スタッフの創意工夫とAirレジの正確な数字という組み合わせで新たな取り組みを走らせ始めた小杉湯だったが、2020年7月には次の一手として「Airペイ」を導入した。

「これは、新型コロナウイルスへの対応を目的としたものです。銭湯は公衆衛生のための施設ですから、閉めるわけには行きません。自宅に風呂がない人、たまたま風呂が壊れてしまった人、1⼈での⼊浴に不安がある人などのために、営業を続けなければならないのです。そこで、営業を続けるからには対策を講じなければならない中、キャッシュレス対応が必要だと考えました」と、小杉氏は振り返る。

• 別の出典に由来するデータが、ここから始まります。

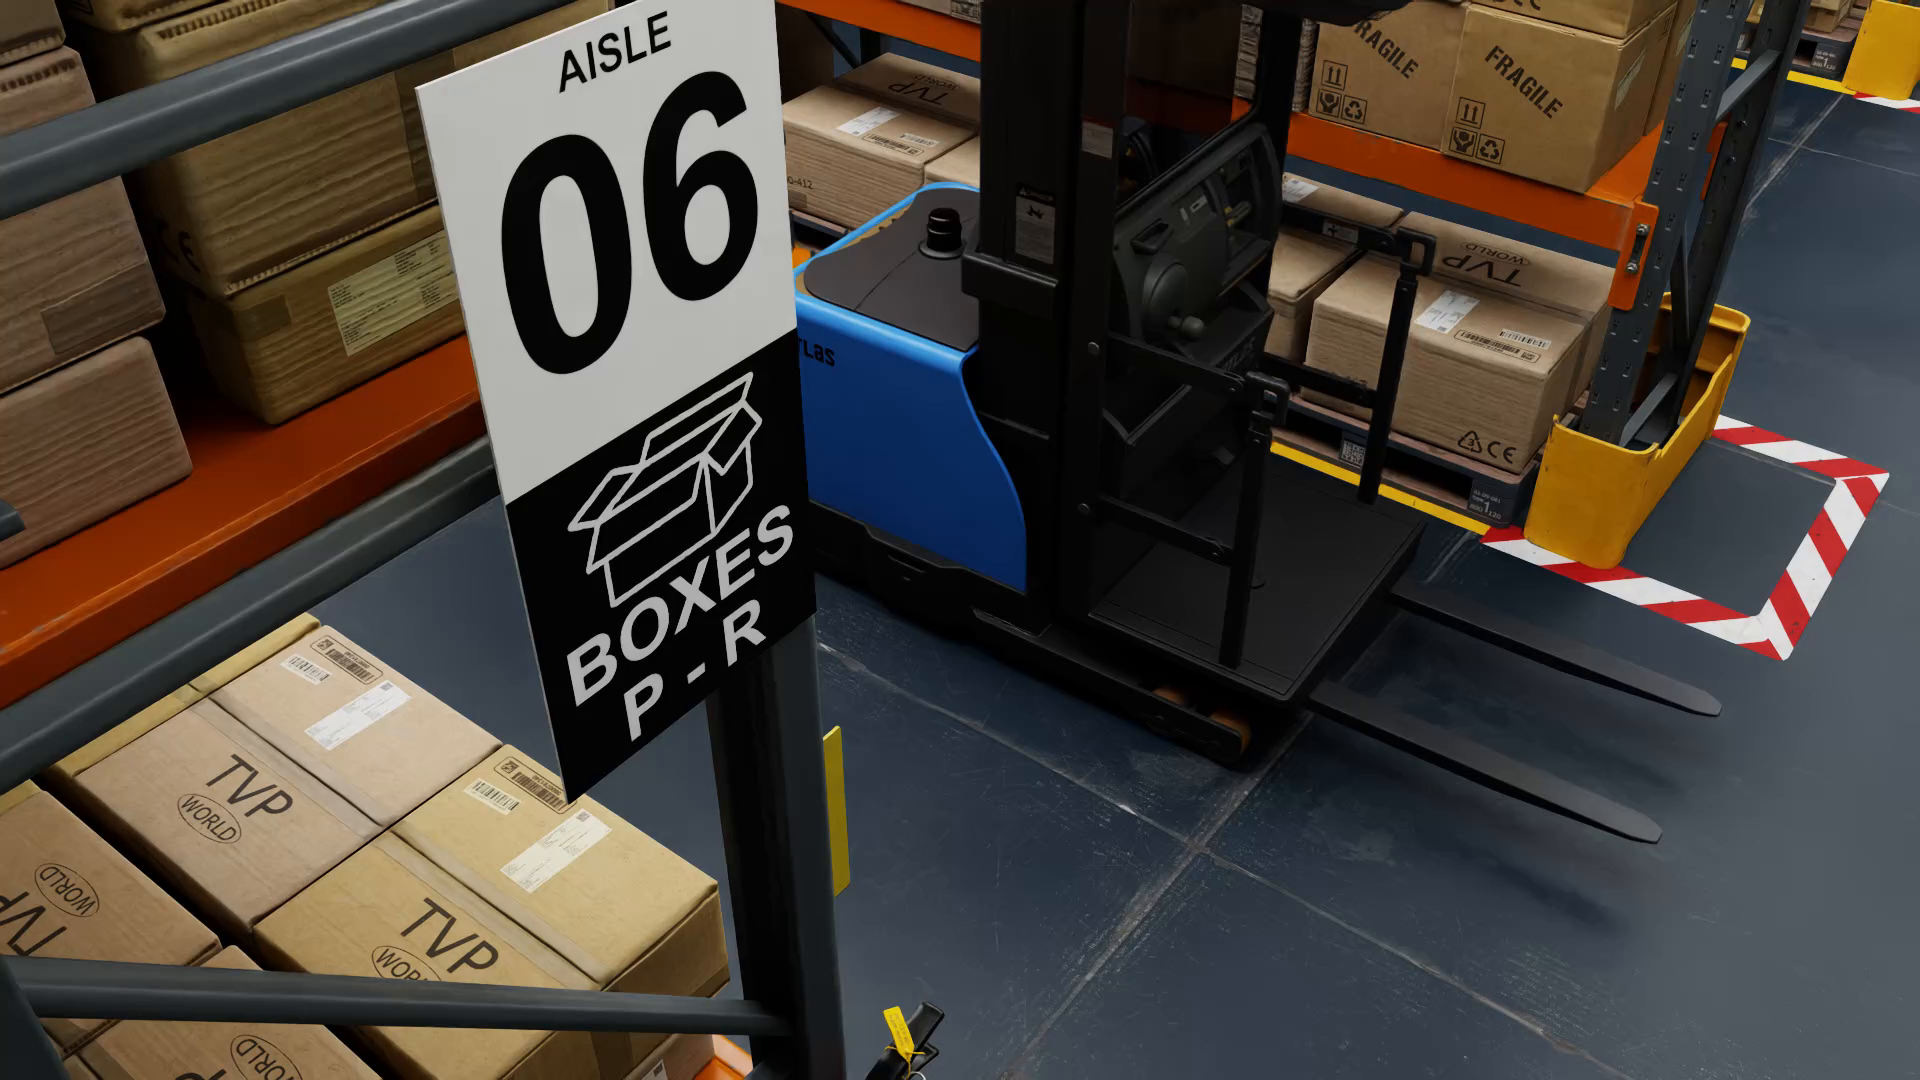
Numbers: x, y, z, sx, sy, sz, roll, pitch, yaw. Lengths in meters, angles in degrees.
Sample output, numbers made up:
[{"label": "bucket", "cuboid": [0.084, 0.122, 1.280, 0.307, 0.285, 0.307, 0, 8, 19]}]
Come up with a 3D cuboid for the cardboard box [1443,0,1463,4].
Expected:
[{"label": "cardboard box", "cuboid": [1.527, -2.097, 5.357, 0.500, 0.500, 0.500, 25, 45, 29]}]

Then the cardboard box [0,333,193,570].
[{"label": "cardboard box", "cuboid": [-0.920, -0.075, 1.438, 0.250, 0.149, 0.380, 27, 45, 30]}]

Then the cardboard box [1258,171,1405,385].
[{"label": "cardboard box", "cuboid": [1.170, -1.112, 6.729, 0.875, 0.438, 0.875, 27, 45, 30]}]

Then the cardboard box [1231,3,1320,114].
[{"label": "cardboard box", "cuboid": [1.139, -1.892, 5.906, 0.500, 0.500, 0.500, 27, 45, 30]}]

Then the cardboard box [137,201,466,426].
[{"label": "cardboard box", "cuboid": [-0.637, -0.302, 1.727, 0.250, 0.149, 0.380, 26, 45, 29]}]

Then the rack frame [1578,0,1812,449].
[{"label": "rack frame", "cuboid": [2.487, -1.419, 5.383, 0.127, 3.000, 1.000, 25, 45, 29]}]

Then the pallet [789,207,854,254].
[{"label": "pallet", "cuboid": [-0.133, -1.496, 7.743, 1.213, 0.211, 1.003, 25, 45, 29]}]

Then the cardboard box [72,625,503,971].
[{"label": "cardboard box", "cuboid": [-1.123, 0.465, 2.858, 0.500, 0.250, 0.500, 26, 45, 29]}]

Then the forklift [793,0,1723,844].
[{"label": "forklift", "cuboid": [0.866, -0.845, 4.705, 3.031, 2.935, 1.130, 23, 44, 27]}]

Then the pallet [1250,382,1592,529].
[{"label": "pallet", "cuboid": [1.805, -0.582, 6.576, 1.213, 0.211, 1.003, 25, 45, 29]}]

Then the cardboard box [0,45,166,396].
[{"label": "cardboard box", "cuboid": [-1.044, -0.259, 1.349, 0.500, 0.250, 0.500, 24, 44, 28]}]

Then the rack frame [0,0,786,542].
[{"label": "rack frame", "cuboid": [-0.525, -1.349, 0.427, 0.127, 3.000, 1.000, 25, 45, 29]}]

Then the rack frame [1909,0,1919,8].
[{"label": "rack frame", "cuboid": [5.414, -3.880, 8.527, 0.127, 3.000, 1.000, 25, 45, 29]}]

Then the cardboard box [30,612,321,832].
[{"label": "cardboard box", "cuboid": [-1.527, 0.276, 3.098, 0.500, 0.250, 0.500, 24, 44, 28]}]

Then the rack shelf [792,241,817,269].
[{"label": "rack shelf", "cuboid": [-0.539, -0.853, 5.799, 0.240, 0.259, 0.215, 23, 44, 27]}]

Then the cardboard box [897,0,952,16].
[{"label": "cardboard box", "cuboid": [-0.079, -2.462, 6.634, 0.500, 0.500, 0.500, 26, 45, 29]}]

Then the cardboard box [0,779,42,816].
[{"label": "cardboard box", "cuboid": [-1.851, 0.531, 2.772, 0.500, 0.250, 0.500, 27, 45, 30]}]

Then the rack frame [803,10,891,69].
[{"label": "rack frame", "cuboid": [-0.690, -2.917, 7.296, 0.127, 3.000, 1.000, 25, 45, 29]}]

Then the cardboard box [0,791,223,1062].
[{"label": "cardboard box", "cuboid": [-1.461, 0.719, 2.533, 0.500, 0.250, 0.500, 25, 45, 29]}]

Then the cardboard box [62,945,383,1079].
[{"label": "cardboard box", "cuboid": [-1.052, 0.913, 2.285, 0.500, 0.250, 0.500, 27, 45, 30]}]

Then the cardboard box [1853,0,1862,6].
[{"label": "cardboard box", "cuboid": [5.193, -3.276, 9.727, 0.250, 0.149, 0.380, 26, 45, 29]}]

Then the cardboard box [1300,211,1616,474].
[{"label": "cardboard box", "cuboid": [1.902, -0.773, 6.296, 0.875, 0.438, 0.875, 24, 44, 27]}]

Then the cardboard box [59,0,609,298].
[{"label": "cardboard box", "cuboid": [-0.712, -0.526, 1.690, 0.500, 0.250, 0.500, 25, 44, 28]}]

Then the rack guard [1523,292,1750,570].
[{"label": "rack guard", "cuboid": [2.506, -0.425, 6.142, 0.348, 0.500, 1.175, 25, 45, 29]}]

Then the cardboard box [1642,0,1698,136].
[{"label": "cardboard box", "cuboid": [2.281, -1.778, 5.761, 0.500, 0.500, 0.500, 25, 44, 28]}]

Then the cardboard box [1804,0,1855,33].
[{"label": "cardboard box", "cuboid": [4.870, -3.018, 9.398, 0.250, 0.149, 0.380, 26, 45, 29]}]

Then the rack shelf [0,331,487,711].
[{"label": "rack shelf", "cuboid": [-2.114, -0.634, 2.530, 4.000, 0.370, 1.077, 25, 45, 29]}]

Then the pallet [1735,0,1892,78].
[{"label": "pallet", "cuboid": [4.730, -3.132, 9.834, 1.213, 0.211, 1.003, 25, 45, 29]}]

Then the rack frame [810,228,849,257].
[{"label": "rack frame", "cuboid": [-0.438, -0.595, 5.913, 0.008, 1.050, 0.200, 23, 44, 27]}]

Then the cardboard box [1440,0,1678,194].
[{"label": "cardboard box", "cuboid": [1.943, -1.509, 5.417, 0.500, 0.500, 0.500, 26, 45, 29]}]

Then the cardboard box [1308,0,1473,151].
[{"label": "cardboard box", "cuboid": [1.554, -1.704, 5.667, 0.500, 0.500, 0.500, 24, 44, 28]}]

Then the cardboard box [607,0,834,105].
[{"label": "cardboard box", "cuboid": [-1.231, -2.438, 8.068, 0.875, 0.875, 0.875, 27, 45, 30]}]

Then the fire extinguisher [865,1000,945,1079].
[{"label": "fire extinguisher", "cuboid": [-0.128, 1.019, 2.634, 0.183, 0.674, 0.296, 25, 45, 29]}]

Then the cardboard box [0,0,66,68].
[{"label": "cardboard box", "cuboid": [-1.048, -0.452, 1.190, 0.500, 0.250, 0.500, 24, 44, 27]}]

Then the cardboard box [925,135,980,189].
[{"label": "cardboard box", "cuboid": [0.455, -1.451, 7.161, 0.875, 0.438, 0.875, 24, 44, 27]}]

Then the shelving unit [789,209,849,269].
[{"label": "shelving unit", "cuboid": [-0.539, -0.638, 5.968, 0.252, 1.050, 0.215, 23, 44, 27]}]

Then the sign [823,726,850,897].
[{"label": "sign", "cuboid": [-0.196, 0.407, 2.349, 0.005, 0.325, 0.100, 25, 45, 29]}]

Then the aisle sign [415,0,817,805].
[{"label": "aisle sign", "cuboid": [-0.293, -0.129, 1.626, 0.004, 0.787, 0.394, 25, 45, 29]}]

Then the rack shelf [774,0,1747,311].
[{"label": "rack shelf", "cuboid": [0.899, -1.884, 6.561, 4.000, 0.370, 1.077, 25, 45, 29]}]

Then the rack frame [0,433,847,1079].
[{"label": "rack frame", "cuboid": [-0.525, 1.013, 2.277, 0.127, 3.000, 1.000, 25, 45, 29]}]

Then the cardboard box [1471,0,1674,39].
[{"label": "cardboard box", "cuboid": [1.960, -1.916, 5.125, 0.500, 0.500, 0.500, 27, 45, 30]}]

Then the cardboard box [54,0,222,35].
[{"label": "cardboard box", "cuboid": [-0.725, -0.712, 1.522, 0.500, 0.250, 0.500, 25, 44, 28]}]

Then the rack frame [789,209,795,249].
[{"label": "rack frame", "cuboid": [-0.639, -0.681, 6.023, 0.008, 1.050, 0.200, 23, 44, 27]}]

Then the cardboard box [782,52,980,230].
[{"label": "cardboard box", "cuboid": [-0.256, -1.785, 7.589, 0.875, 0.438, 0.875, 25, 44, 28]}]

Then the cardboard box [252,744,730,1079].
[{"label": "cardboard box", "cuboid": [-0.722, 0.653, 2.617, 0.500, 0.250, 0.500, 25, 45, 29]}]

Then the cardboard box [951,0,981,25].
[{"label": "cardboard box", "cuboid": [0.312, -2.272, 6.392, 0.500, 0.500, 0.500, 26, 45, 29]}]

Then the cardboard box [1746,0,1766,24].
[{"label": "cardboard box", "cuboid": [4.604, -3.065, 9.457, 0.250, 0.149, 0.380, 27, 45, 30]}]

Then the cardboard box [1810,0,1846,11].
[{"label": "cardboard box", "cuboid": [4.822, -3.098, 9.259, 0.250, 0.149, 0.380, 24, 44, 27]}]

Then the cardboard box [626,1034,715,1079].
[{"label": "cardboard box", "cuboid": [-0.620, 0.855, 2.683, 0.250, 0.149, 0.380, 25, 44, 28]}]

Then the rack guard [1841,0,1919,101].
[{"label": "rack guard", "cuboid": [5.354, -2.925, 9.334, 0.348, 0.500, 1.175, 25, 45, 29]}]

緊急事態宣言中でも従来の4割は客数があったという小杉湯は、利用者に必要とされている。その中で、少しでも接触機会を減らすツールとして導入されたAirペイは、予想外にスムーズな利用を進められたという。

  • 高齢スタッフもAirレジを使いこなす

「番台に座る担当者は若い人が3分の1程度で、残りは60代以上です。高齢スタッフが新しいツールになれるのは大変かと思いましたが、比較的スムーズに使ってもらっています。もちろん、教え方も工夫しています。『〇〇ペイ』が多いので、『こう言われたらここを押す』など、具体的に指示する独自の表を作ったり、かざすだけでいいからとアドバイスしたりしています。お客さまも処理が終わるまで待ってくださるので、問題なく利用できています。高齢スタッフも、今では全然困らないと言っていますね」と小杉氏は語る。